Methods: beta-thalassemia mutations were characterized by PCR and dot blot hybridization. G gamma gene polymorphism (Xmnl) was determined by PCR followed by restriction enzyme digestion and polyacrylamide gel electrophoresis. alpha genotyping was done by Southern blot hybridization.
Results: Six cases had a severe beta+ mutation [IVS 1 nt 5 (G-->C)] and one case had a beta zero mutation [F/S 41/42 (-CTTT)]. Hence, the beta-thalassemia mutation does not seem to contribute towards the clinical diversity. alpha-genotyping showed a single alpha-gene deletion of the rightward type in three of the five milder cases.
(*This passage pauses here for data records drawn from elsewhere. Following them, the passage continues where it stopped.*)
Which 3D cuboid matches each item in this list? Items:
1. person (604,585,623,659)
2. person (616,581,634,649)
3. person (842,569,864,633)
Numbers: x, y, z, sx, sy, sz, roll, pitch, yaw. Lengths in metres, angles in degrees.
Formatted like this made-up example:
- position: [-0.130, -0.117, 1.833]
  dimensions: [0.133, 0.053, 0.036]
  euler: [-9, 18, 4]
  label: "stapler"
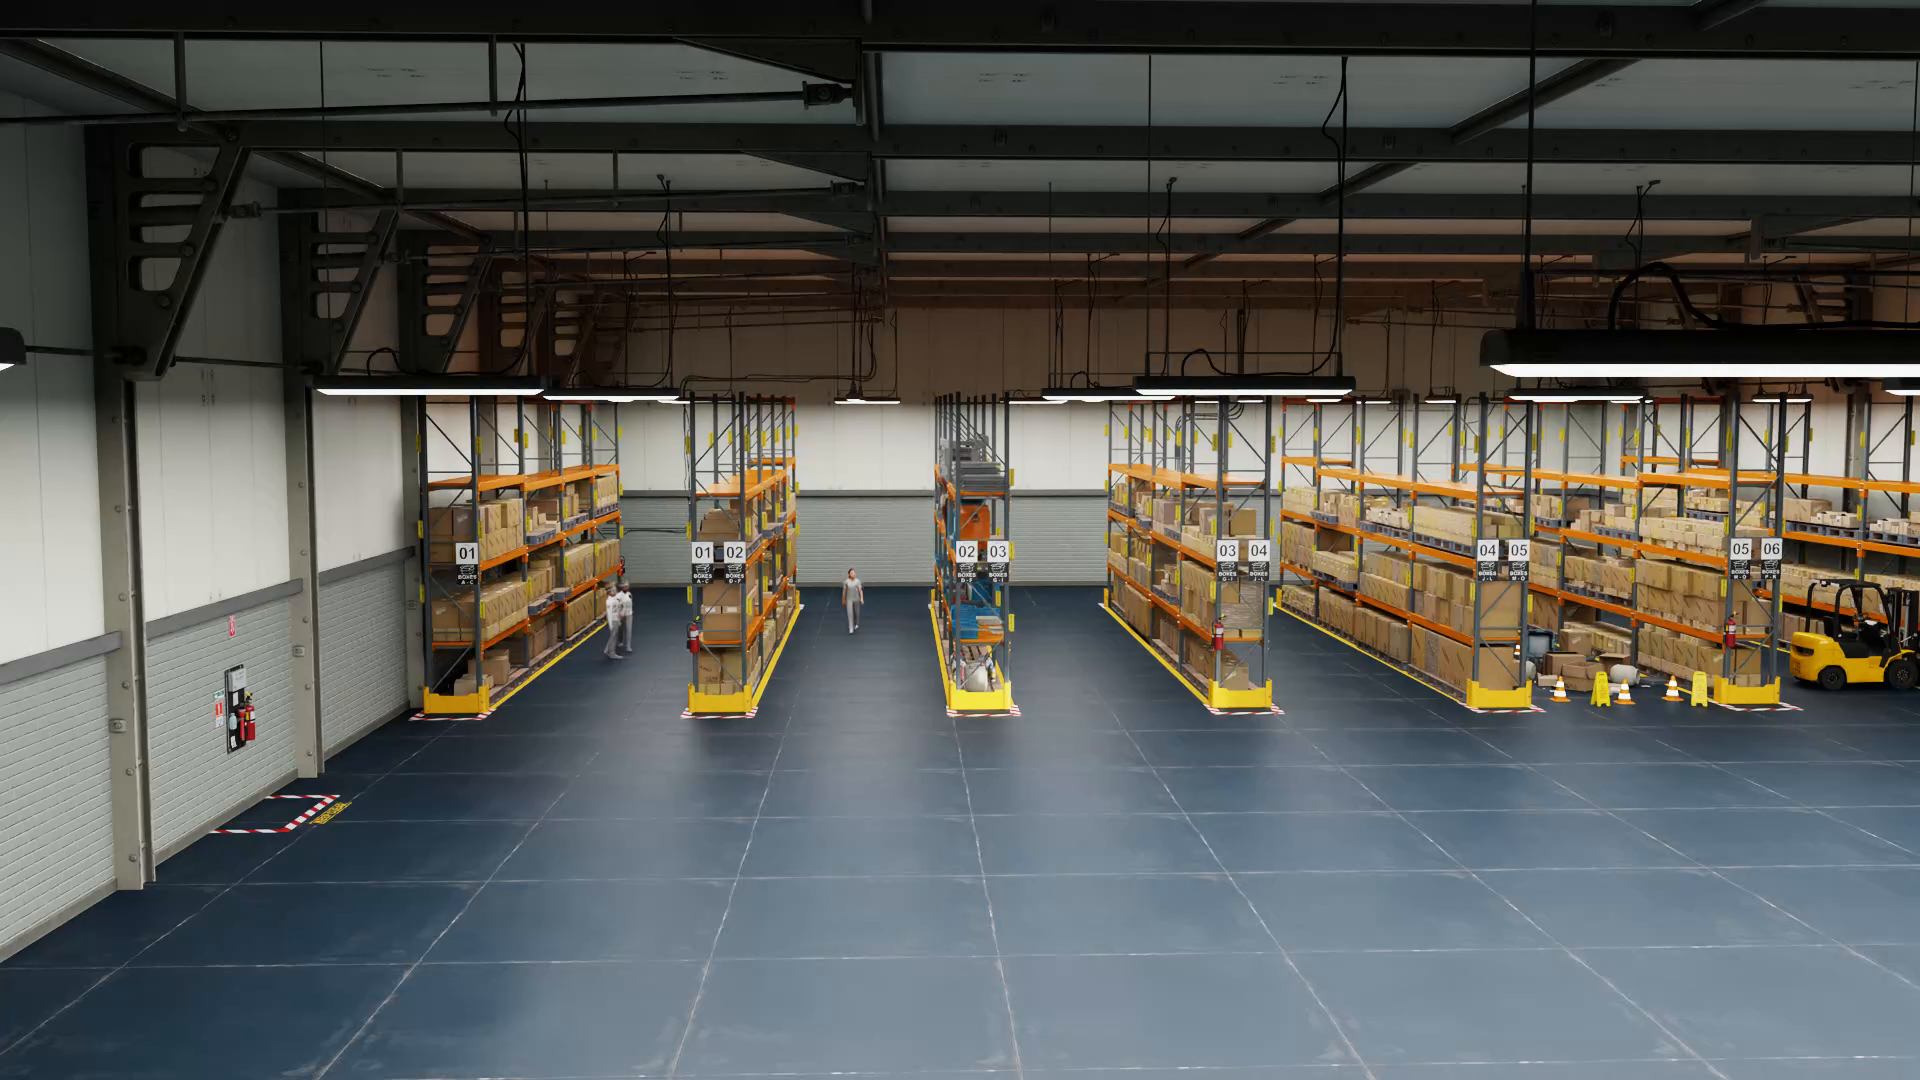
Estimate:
- position: [-7.866, 1.850, 37.737]
  dimensions: [0.450, 1.696, 0.507]
  euler: [-1, 5, -13]
  label: "person"
- position: [-7.884, 1.741, 39.134]
  dimensions: [0.426, 1.590, 0.792]
  euler: [-1, 5, -10]
  label: "person"
- position: [-2.729, 1.534, 42.224]
  dimensions: [0.549, 1.621, 1.064]
  euler: [0, 5, -6]
  label: "person"

The -158 G gamma (C-->T) substitution was present at least in heterozygous state (+/-) in all the milder cases.
Conclusions: Deletional alpha thalassemia and presence of the -158 G gamma (C->T) substitution are the two factors which appear to be more important in decreasing the severity of the disease rather than the nature of the beta thalassemia mutation.